# Extracted records:
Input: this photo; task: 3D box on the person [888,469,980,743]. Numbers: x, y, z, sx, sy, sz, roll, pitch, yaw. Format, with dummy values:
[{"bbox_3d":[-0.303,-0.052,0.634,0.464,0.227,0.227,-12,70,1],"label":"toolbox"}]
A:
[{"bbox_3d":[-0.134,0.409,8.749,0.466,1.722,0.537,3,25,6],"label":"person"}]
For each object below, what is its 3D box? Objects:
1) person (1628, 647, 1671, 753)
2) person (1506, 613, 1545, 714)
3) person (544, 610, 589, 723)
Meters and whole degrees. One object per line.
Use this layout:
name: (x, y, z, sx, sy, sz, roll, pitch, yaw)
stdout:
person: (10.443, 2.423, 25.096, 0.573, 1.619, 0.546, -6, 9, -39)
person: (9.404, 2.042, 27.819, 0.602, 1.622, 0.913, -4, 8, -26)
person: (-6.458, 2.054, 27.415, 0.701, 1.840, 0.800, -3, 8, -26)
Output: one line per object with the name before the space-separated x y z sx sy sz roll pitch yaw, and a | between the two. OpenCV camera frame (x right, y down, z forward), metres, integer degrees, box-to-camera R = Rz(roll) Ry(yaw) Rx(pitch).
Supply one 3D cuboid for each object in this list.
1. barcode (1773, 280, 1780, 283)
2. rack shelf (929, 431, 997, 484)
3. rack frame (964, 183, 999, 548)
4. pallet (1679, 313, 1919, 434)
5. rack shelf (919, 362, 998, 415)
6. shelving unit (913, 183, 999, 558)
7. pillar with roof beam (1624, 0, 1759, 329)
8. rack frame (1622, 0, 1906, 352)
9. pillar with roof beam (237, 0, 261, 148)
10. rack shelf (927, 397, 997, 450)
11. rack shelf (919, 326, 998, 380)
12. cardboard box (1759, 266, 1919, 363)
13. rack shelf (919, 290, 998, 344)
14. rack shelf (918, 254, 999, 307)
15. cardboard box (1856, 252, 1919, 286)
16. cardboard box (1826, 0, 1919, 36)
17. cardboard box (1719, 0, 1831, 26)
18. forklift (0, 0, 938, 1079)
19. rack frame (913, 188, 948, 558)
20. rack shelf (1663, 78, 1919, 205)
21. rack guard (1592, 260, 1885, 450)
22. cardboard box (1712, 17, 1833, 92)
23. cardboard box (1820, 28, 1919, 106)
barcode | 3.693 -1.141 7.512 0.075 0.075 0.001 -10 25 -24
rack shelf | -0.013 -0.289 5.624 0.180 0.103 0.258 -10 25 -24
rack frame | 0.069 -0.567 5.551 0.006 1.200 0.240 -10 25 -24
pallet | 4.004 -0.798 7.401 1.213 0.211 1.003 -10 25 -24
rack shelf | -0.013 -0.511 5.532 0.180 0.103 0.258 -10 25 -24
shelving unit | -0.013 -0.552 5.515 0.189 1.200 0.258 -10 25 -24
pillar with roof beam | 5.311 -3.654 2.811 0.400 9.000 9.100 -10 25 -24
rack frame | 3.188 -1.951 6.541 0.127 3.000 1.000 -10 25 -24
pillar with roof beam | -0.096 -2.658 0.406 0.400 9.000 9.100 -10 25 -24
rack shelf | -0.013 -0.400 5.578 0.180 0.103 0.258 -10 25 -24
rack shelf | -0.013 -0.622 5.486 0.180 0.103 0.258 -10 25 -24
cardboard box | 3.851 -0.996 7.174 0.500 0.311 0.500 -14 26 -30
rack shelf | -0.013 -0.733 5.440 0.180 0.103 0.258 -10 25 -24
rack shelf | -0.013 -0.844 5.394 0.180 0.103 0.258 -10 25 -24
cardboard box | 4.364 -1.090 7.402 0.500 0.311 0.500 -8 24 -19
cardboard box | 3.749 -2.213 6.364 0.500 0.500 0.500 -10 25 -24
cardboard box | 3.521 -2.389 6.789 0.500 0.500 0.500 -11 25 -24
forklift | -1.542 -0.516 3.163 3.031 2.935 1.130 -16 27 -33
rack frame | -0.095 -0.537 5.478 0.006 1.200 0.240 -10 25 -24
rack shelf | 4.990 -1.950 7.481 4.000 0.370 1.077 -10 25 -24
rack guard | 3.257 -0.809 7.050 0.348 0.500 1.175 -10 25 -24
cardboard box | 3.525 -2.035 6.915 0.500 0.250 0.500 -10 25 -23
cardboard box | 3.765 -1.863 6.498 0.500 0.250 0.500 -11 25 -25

# EXERCISE:
The required output is the set of lines from the first line of the data through the line that contains "3) person (544, 610, 589, 723)", transcribed exactly.

# EXERCISE RESULT:
Input: this photo; task: 3D box on the person [888,469,980,743]. Numbers: x, y, z, sx, sy, sz, roll, pitch, yaw. Format, with dummy values:
[{"bbox_3d":[-0.303,-0.052,0.634,0.464,0.227,0.227,-12,70,1],"label":"toolbox"}]
A:
[{"bbox_3d":[-0.134,0.409,8.749,0.466,1.722,0.537,3,25,6],"label":"person"}]
For each object below, what is its 3D box? Objects:
1) person (1628, 647, 1671, 753)
2) person (1506, 613, 1545, 714)
3) person (544, 610, 589, 723)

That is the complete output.